Naked Bike Ride

The annual Naked Bike Ride through central London is to my mind a rather peculiar event, with some very mixed motives among participants, viewers and certainly photographers.

© 2011, Peter Marshall

I don’t have a particular hangup about nudity, but generally given our English weather I think clothes are a pretty good idea, and given the lack of ozone to cut down the UV, even on those hot days they make sense. It’s certainly more pleasant to wear a shirt than to keep having to smear nasty oily sunblock oils over your body, and melanomas (like Melanie Phillips which Google came up with when I was checking out that word) are certainly best avoided.

But I’m not that worried about ‘decency’, other than not getting arrested for indecent exposure.  After all, around 50% of the population have similar equipment to me and it isn’t something I feel any particular need to flaunt or hide.   Actually the ride reveals some pretty wide differences between people though I don’t find any great interest in this at least so far as the males are concerned. Women are of course different, and I can’t deny that looking at them unclothed has a certain attraction.

© 2011, Peter Marshall

But as an environmental protest, the NBR seems to me rather lacking, not least in that so few of those taking part show any great sign of viewing it in this way. In taking pictures I try hard to find ways in which people are trying to express some particular view – so anyone who paints a slogan or design on their body, or has some kind of placard or flag on the cycle is likely to get their photograph taken by me. But there are not a great many who do.

© 2011, Peter Marshall

The NBR also now suffers from being listed as a tourist attraction on various web sites, resulting this year in a very large crowd of viewers inside Hyde Park where the riders were preparing.  Perhaps this was part of the reason why this year there seemed to be many more clothed riders than on previous occasions that I’ve photographed the event.

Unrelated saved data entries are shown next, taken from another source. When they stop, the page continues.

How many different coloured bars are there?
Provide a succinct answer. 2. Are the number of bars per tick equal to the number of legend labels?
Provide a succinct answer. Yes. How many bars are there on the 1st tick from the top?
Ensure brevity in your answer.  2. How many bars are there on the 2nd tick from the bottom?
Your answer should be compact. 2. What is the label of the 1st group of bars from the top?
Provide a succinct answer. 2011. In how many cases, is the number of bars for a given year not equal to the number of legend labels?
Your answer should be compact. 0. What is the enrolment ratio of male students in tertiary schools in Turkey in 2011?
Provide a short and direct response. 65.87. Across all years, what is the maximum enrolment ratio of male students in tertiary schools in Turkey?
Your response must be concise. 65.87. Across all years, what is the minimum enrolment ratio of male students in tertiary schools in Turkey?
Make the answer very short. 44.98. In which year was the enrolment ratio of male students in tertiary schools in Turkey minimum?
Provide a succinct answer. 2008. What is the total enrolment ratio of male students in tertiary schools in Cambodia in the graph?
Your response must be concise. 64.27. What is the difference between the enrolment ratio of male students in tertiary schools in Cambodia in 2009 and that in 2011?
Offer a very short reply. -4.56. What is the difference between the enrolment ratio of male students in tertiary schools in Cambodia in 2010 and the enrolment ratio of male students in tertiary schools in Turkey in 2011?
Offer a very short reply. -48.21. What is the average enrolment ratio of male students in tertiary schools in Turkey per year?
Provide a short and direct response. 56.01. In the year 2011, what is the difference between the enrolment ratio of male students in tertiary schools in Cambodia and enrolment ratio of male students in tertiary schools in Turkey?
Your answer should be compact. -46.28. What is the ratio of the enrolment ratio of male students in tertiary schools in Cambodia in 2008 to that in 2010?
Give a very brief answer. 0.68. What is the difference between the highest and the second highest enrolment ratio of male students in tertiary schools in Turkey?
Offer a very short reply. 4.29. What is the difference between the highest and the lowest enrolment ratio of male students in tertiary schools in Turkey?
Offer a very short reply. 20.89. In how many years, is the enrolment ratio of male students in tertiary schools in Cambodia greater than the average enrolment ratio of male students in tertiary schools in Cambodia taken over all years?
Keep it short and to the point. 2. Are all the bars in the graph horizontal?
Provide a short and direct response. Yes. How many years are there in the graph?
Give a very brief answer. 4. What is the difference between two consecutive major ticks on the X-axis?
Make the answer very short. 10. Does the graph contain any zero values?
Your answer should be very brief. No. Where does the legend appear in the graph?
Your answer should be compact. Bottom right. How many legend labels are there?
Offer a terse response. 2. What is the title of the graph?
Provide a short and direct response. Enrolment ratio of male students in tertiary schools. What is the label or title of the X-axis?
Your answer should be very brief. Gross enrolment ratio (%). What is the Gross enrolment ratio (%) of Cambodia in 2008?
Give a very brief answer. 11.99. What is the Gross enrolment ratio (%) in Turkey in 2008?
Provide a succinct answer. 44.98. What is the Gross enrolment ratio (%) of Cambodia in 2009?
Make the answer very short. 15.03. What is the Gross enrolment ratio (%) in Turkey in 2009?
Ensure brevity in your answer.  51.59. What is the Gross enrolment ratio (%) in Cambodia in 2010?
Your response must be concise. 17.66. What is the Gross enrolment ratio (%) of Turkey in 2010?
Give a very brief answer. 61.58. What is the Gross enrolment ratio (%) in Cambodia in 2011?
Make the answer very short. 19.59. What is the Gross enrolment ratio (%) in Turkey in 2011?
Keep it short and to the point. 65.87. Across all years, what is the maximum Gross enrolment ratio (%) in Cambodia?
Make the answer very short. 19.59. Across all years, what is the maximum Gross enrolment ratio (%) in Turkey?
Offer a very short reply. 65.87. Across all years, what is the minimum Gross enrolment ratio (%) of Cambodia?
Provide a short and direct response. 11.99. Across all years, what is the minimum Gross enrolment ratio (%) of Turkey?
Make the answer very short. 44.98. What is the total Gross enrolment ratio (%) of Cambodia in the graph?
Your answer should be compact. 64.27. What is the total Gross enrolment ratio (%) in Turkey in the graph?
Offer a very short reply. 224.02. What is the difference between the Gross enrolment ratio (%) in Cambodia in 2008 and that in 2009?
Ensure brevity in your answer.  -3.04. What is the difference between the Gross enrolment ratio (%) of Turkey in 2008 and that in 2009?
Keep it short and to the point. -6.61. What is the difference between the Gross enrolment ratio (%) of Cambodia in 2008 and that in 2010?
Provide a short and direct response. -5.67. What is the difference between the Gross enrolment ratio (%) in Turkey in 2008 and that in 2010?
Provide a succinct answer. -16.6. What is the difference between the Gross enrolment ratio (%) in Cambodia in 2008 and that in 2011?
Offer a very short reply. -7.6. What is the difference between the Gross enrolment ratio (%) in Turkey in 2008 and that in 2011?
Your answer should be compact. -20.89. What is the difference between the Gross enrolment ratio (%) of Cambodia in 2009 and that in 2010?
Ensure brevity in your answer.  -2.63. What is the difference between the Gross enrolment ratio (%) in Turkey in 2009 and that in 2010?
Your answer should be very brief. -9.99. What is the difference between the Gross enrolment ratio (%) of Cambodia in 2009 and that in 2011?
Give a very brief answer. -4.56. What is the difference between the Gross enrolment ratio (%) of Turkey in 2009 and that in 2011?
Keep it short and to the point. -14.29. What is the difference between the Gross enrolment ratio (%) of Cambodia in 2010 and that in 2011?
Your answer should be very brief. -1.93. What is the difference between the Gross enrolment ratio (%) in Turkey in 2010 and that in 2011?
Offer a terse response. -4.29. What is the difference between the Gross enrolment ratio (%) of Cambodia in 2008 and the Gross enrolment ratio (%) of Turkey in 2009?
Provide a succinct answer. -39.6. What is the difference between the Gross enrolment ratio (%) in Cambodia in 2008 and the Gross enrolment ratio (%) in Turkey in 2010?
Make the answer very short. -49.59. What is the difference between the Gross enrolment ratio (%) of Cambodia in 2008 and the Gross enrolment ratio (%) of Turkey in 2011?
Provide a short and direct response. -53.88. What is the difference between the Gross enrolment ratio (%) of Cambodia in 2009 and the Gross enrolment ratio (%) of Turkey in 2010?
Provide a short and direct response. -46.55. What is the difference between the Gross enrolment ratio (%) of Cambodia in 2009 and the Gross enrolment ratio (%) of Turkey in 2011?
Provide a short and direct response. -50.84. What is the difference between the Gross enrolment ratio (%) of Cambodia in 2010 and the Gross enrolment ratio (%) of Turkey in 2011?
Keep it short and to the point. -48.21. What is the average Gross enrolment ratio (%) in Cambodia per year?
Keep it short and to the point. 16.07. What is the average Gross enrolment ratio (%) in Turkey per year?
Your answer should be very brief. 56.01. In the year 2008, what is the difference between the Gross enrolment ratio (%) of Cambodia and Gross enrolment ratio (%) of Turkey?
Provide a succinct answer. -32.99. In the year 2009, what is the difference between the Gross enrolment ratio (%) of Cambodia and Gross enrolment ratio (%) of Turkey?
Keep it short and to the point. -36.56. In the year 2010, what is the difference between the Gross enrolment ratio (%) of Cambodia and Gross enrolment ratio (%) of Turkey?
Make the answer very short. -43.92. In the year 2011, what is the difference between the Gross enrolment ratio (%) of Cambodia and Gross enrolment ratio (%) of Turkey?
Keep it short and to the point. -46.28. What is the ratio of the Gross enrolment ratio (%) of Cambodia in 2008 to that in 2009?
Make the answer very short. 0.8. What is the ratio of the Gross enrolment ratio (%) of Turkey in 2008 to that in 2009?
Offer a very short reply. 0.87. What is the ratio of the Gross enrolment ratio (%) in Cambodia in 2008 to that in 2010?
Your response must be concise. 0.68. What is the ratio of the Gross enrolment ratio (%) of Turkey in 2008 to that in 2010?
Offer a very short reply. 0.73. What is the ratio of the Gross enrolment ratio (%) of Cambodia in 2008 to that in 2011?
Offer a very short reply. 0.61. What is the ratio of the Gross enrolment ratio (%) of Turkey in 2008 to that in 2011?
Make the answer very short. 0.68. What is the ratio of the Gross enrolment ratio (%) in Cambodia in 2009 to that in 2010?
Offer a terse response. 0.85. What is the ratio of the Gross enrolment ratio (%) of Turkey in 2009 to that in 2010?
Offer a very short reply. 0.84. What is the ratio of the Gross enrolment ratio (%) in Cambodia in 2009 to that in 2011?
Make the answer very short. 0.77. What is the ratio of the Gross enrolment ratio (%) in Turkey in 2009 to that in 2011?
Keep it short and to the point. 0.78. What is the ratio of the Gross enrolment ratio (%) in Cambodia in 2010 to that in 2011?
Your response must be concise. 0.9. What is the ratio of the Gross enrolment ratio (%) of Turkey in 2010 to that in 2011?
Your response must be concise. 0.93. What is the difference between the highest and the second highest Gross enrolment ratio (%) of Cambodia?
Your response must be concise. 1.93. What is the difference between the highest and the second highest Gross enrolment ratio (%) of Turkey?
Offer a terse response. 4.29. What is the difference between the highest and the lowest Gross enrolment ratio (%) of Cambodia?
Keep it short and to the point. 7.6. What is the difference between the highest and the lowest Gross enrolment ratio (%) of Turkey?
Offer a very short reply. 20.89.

Although I think it is clear that there are no privacy issues involved in photographing this event where people have clearly chosen exactly how much of their bodies they want to put in the public sphere, there are pictures that I have taken on this and previous occasions that I have decided not to publish, or at least not on the public pages on the web.

© 2011, Peter Marshall

There are various reasons for this. I have no wish to offend people, and have put a warning message on the links to these pages on my site as well as at the top of each page with pictures from the ride, and tried to chose carefully the images pictures people will see without scrolling down the page.

I also have no wish to attract some people to view my site, although I do want to make it available to a wider audience around the world. There are countries where the images I have used – including those in this post – would be considered illegal.

Shortly after I published the pictures from the first London NBR I photographed I had an e-mail from the director of a large educational project saying they would like to include ‘My London Diary’ in the links from their project – and would I please remove these pictures which made it an unsuitable site!  I replied saying that there were no pictures on my site unsuitable for children.

© 2011, Peter Marshall

However it isn’t coincidence that in many of the pictures I have published in My London Diary of the Naked Bike Ride* are carefully framed or that handlebars, bags, arms etc are rather conveniently placed to hide certain areas.  In some pictures I made these decisions as I was taking them, but more came at the editing stage.  I think it helps to make these images more about the event and less about the personal peculiarities of the participants.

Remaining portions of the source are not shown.